--- Information shown Enclosed Below ---

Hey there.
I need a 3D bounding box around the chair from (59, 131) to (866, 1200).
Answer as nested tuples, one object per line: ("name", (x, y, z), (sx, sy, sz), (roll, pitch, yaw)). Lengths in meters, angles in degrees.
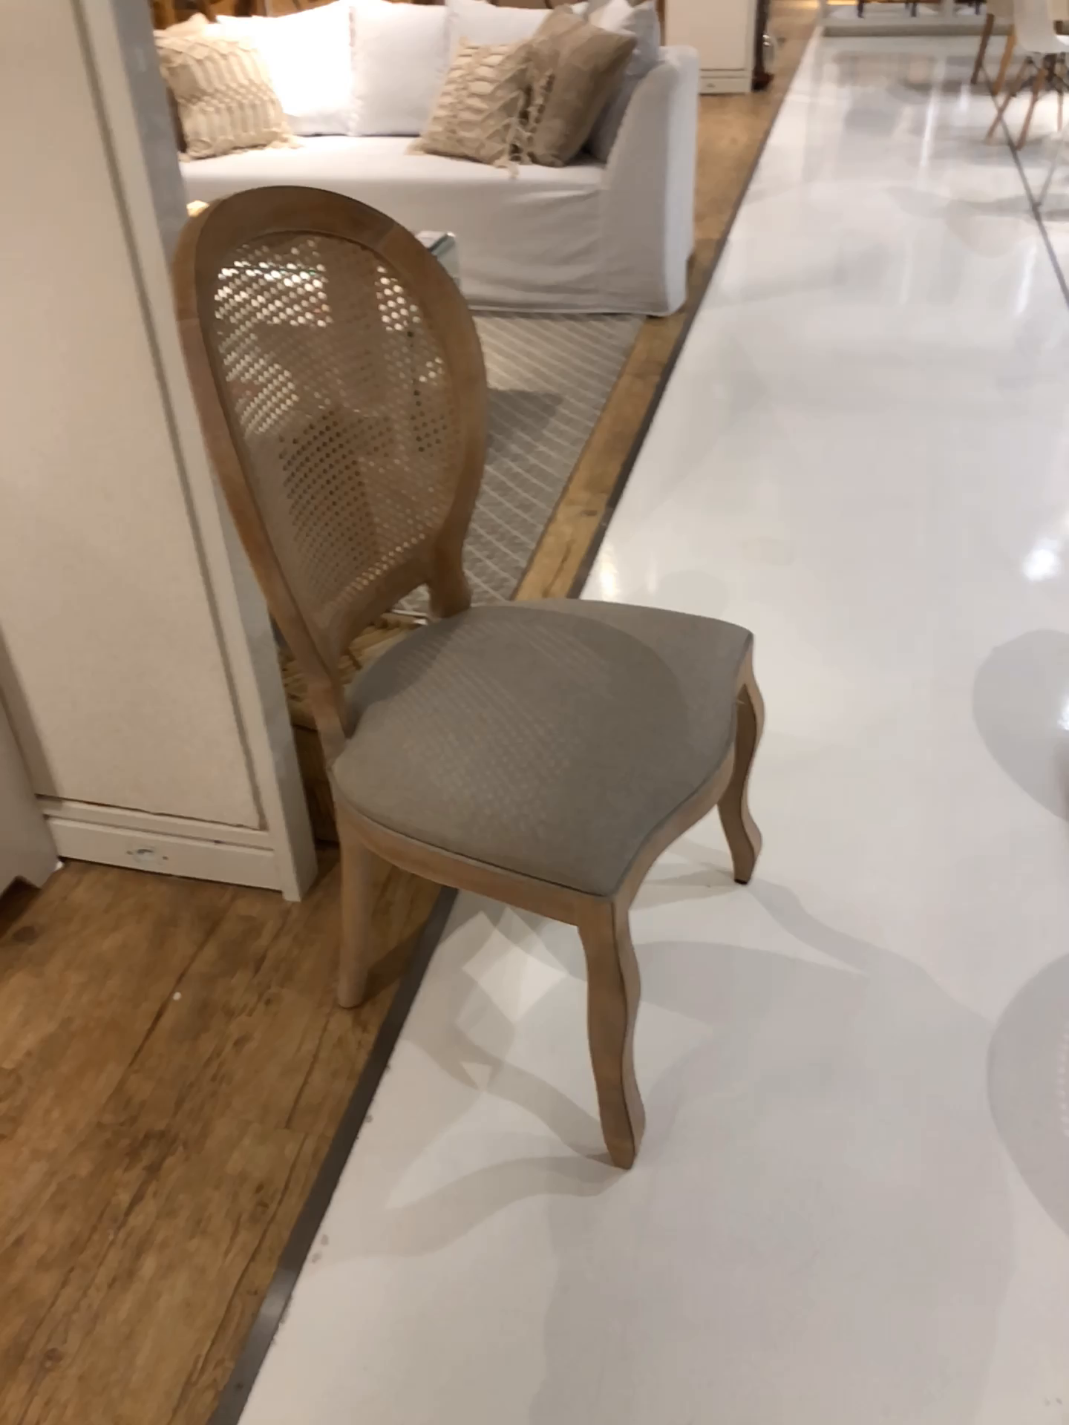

--- End of Enclosed Information shown ---

What to work on>
Copy all the lines of data exactly as they appear, dropping any images.

Exercise solution>
Hey there.
I need a 3D bounding box around the chair from (59, 131) to (866, 1200).
Answer as nested tuples, one object per line: ("name", (x, y, z), (sx, sy, sz), (roll, pitch, yaw)). Lengths in meters, angles in degrees.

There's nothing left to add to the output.